20 Years - The Convention on the Rights of the Child

Kerry Kennedy

Children and Advocates: The future is us
It’s so painful to know
That my brother is working barefooted
At the cattle post for no pay.
As for my sister,
The thought of it floods my eyes with water.
Those who are heartless take advantage of her
Because of her family background
Enslaving her for nothing.

Yet the Future is us.

This simple and heartfelt poem was written by a boy in Botswana as he reflected on the scourge of child labour. Unfortunately, his story and the fate of his family members are neither unique nor rare. Time and time again, as I have travelled throughout the world, I have met young people like this boy and seen first-hand the ways they and their families struggle against injustice, poverty and the world’s apathy to their plight.

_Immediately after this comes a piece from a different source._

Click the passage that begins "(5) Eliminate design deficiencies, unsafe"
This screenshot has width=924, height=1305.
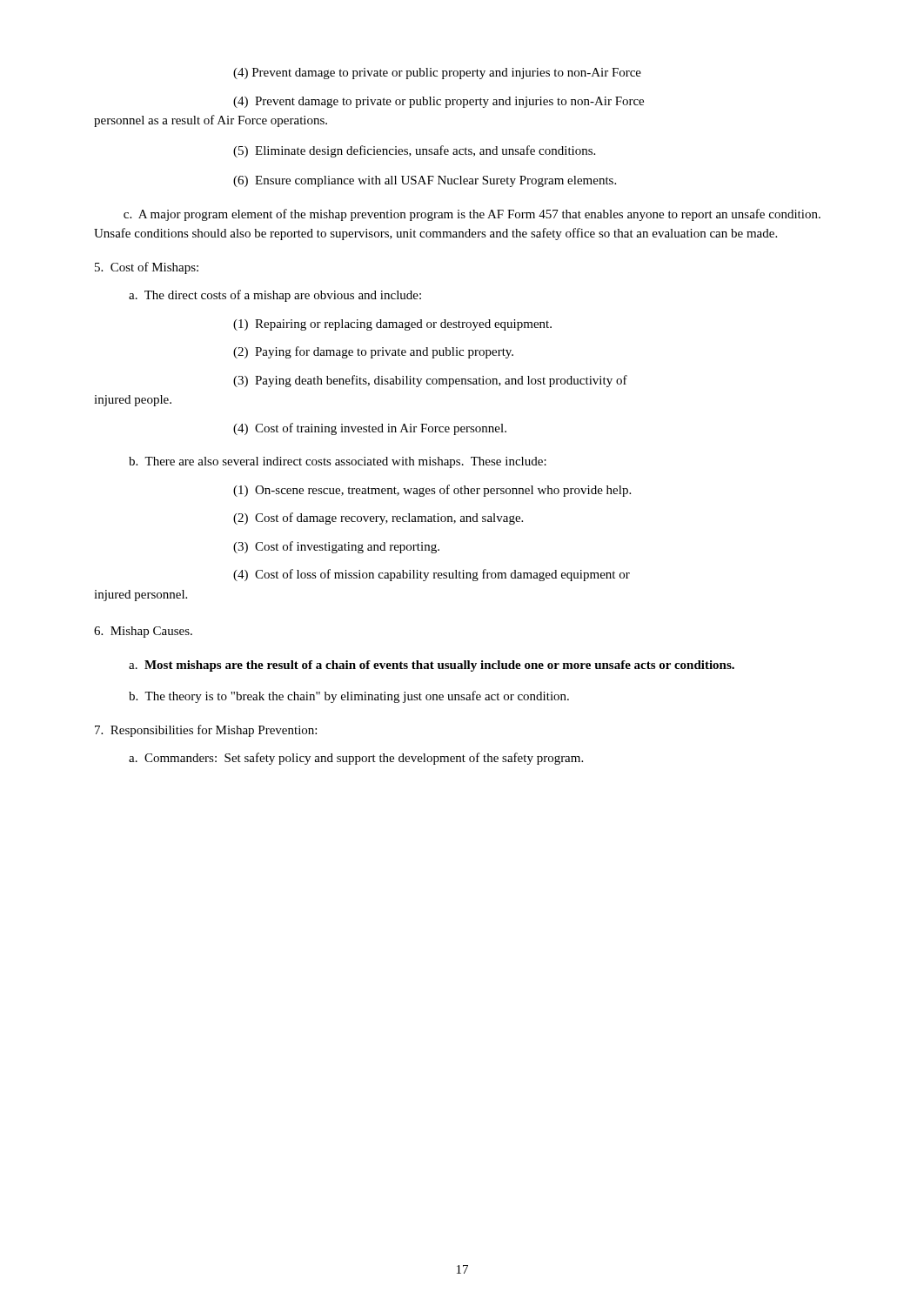[415, 150]

At an early age I was introduced to the same ideas and principles that drove the creation of the Convention on the Rights of the Child and its mission to ensure that all children, everywhere, are able to realize their rights. Despite growing up surrounded by people in elective office, early in my career I was drawn to finding and using other medium to agitate for change and justice. In the early 1980s, I began visiting communities that faced human rights and development challenges. A couple of years before the Convention was signed, I founded the Robert F. Kennedy Center for Justice and Human Rights as a forum for working towards the realization of the rights identified in the United Nations Declaration of Human Rights. Working to promote and protect the rights included in the Convention was a natural outgrowth of the Center’s work. Through the Center – and, later, through my work with the RFK Speak Truth to Power project, highlighting the lives and struggles of a courageous group of men and women from around the world – I have found that the work of an advocate is just as important, and often more powerful, than the work of large institutions or governments.

Diverse stakeholders from around the globe share the goal of creating a world in which children are nurtured, loved and prepared to use all the gifts with which they have been endowed to live full lives. But this goal will never be achieved as long as children are enslaved or their parents languish without needed jobs and fair wages, as long as mandatory education remains a dream deferred, as long as millions of girls are denied an education and instead forced to work as domestic servants – and as long as those with the power to effect change avert their gaze.

Setting the wheels in motion
In an effort to address the real needs that remain in implementing the Convention and other international agreements on human rights and development, on 25 September 2008 the United Nations Secretary-General and the President of the General Assembly convened a high-level meeting of world leaders to renew commitments to achieving the Millennium Development Goals (MDGs) by 2015. This meeting identified concrete plans and practical steps for action, and concluded that the MDGs are still attainable, if the wealthiest nations untie their purse strings. They need only spend 70 cents in official development assistance for every US$100 in national income to alleviate poverty for 1 billion people. Likewise, the MDGs are attainable if developing countries follow the lead of Bangladesh and Brazil and refuse to wait for the wealthiest nations to act and instead take decisive action today to alleviate poverty.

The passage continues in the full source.